Characterizing the battery life of an IoT device using the Otii Arc and Nutaq PicoLTE
The article was written by Altus Technologies, a Canadian manufacturer of cold chain monitoring and other IoT solutions.
Are you designing a battery powered IoT device? You should know the challenge with accurately estimating the battery life. The power consumption of devices relying on low power radios to communicate (eg : NB-IoT, ĿTE-M) varies greatly according to the network conditions. While the wireless network coverage is poor or temporarily out of reach, the device will consume more power. Not to mention the numerous configurable features of the radio itself (eg: PSM, e-DRX) which are not supported the same way on all networks but have a great impact on power consumption when they are. With all the factors impacting power consumption, how can the designer meet a battery life specification? One needs a testbed where network and device settings as well as network conditions are controllable and accurate power measurements can be conducted.

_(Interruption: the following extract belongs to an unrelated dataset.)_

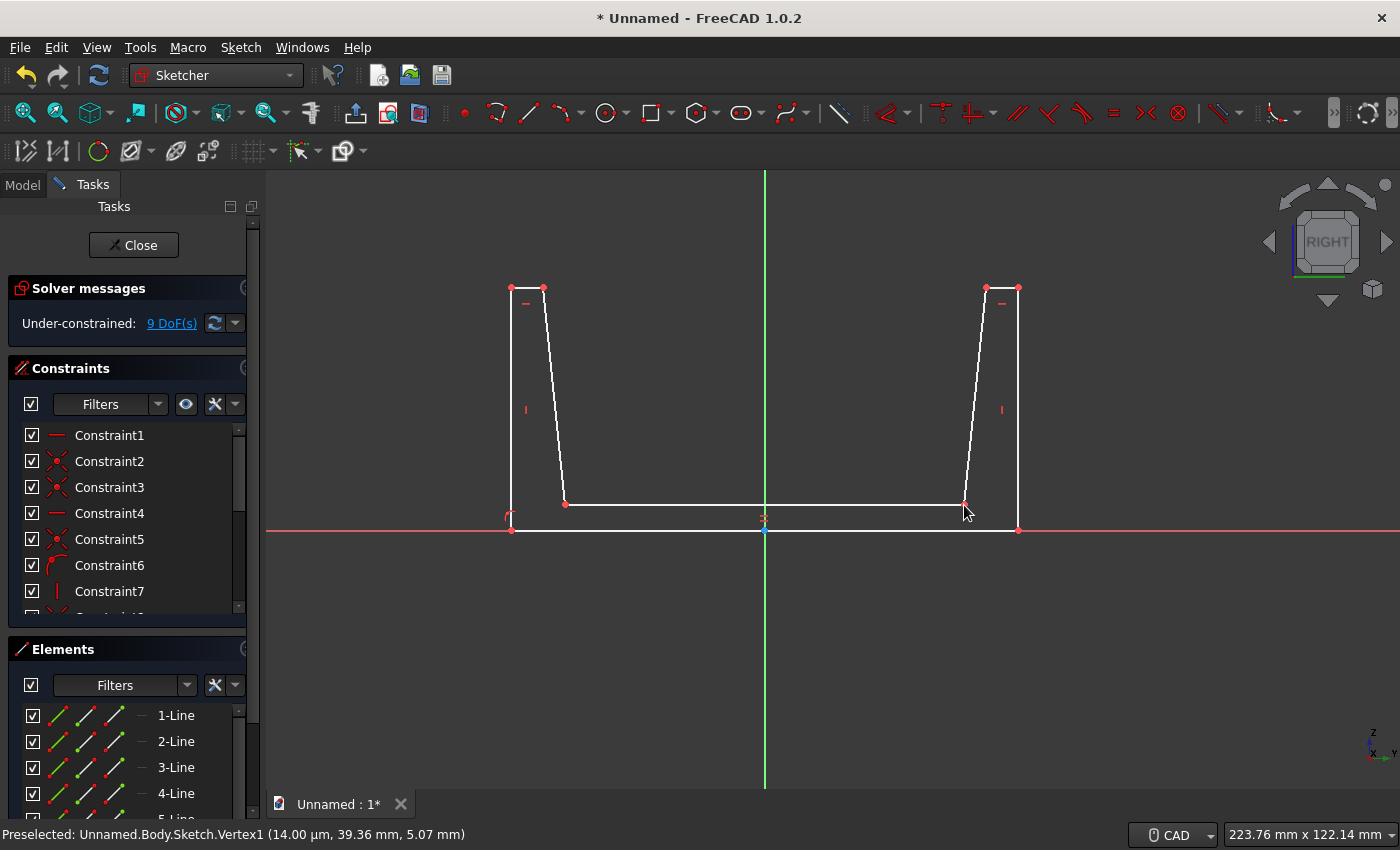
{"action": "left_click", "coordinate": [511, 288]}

This article describes how Altus Technologies uses the Otii Arc and Nutaq PicoLTE to characterize the battery life of IoT devices. To characterize the battery life of an IoT device, we need two key measurements: the current consumption profile of the device over time, and the amount of charge available in the device’s battery. We can then combine these two measurements to calculate how long it will take for our battery to become discharged to the point where our device no longer works. The Otii Arc is instrumental for us in implementing both halves of our method. To characterize the current profile and voltage requirement of our IoT device, we use the Arc as a controllable power supply with integrated current consumption profiling. Then, we use the Arc software’s battery profiling toolbox to measure our battery’s discharge capacity specific to the device’s electrical characteristics.

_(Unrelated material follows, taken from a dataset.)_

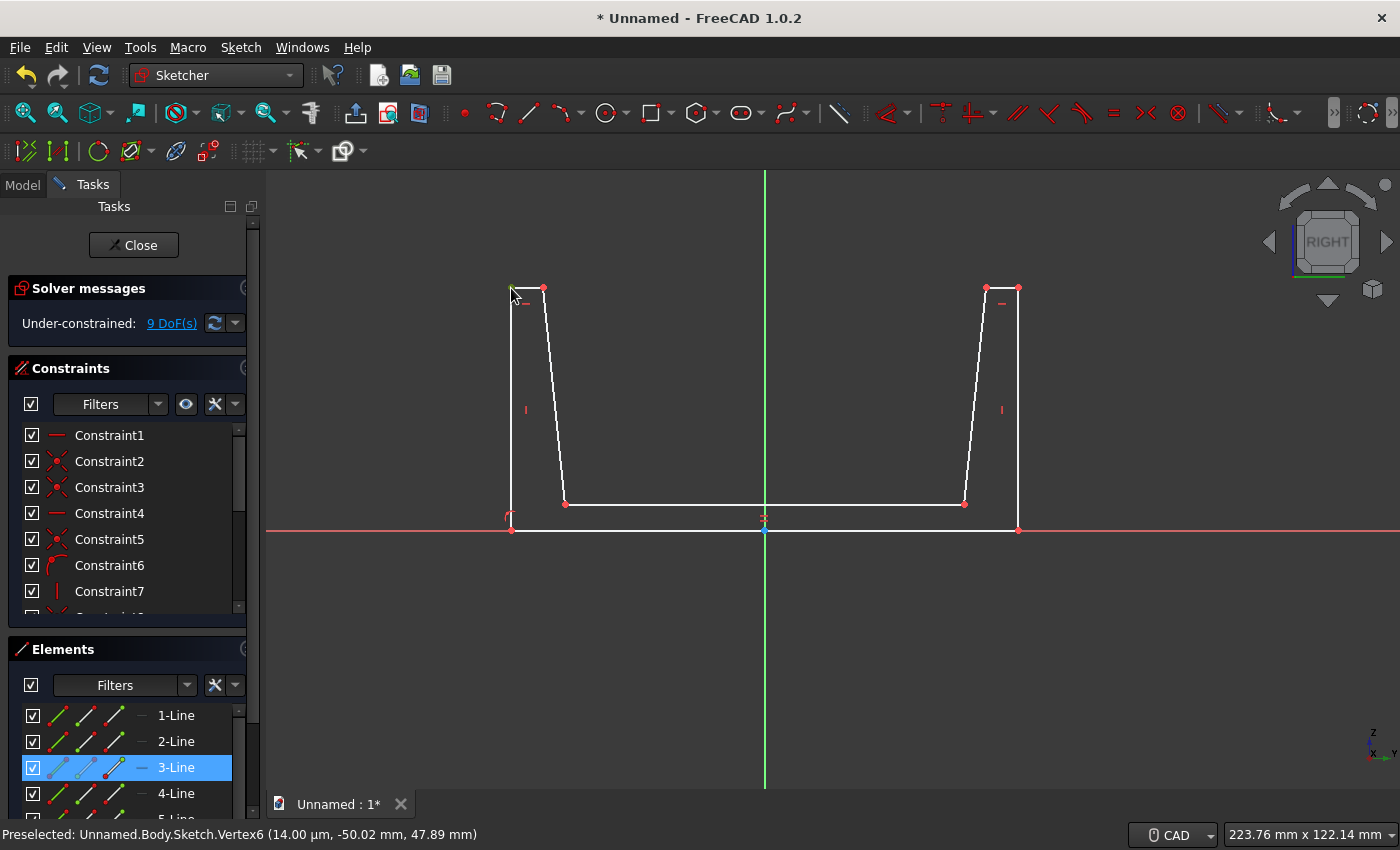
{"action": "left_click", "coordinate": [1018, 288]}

Part 1: Setting up the PicoLTE LTE-M/NB-IoT network in a box
The PicoLTE is used to provide NB-IoT connectivity (both eNodeB and EPC) while Sierra Wireless’ HL78xx CAT-M is used in to exchange data with our remote application servers. HL78xx is connected to PicoLTE over-the-air (Figure 1).
Figure 1: PicoLTE and HL78xx setup to test PSM and eDRX
PicoLTE is running multiple LTE-M and NB-IoT cells concurrently. The eNodeB is connected to the EPC and supports different PSM cycle settings and eDRX paging window lengths.
Figure 2: Spectrum of an NB-IoT cell at 801 MHz (LTE Band 20).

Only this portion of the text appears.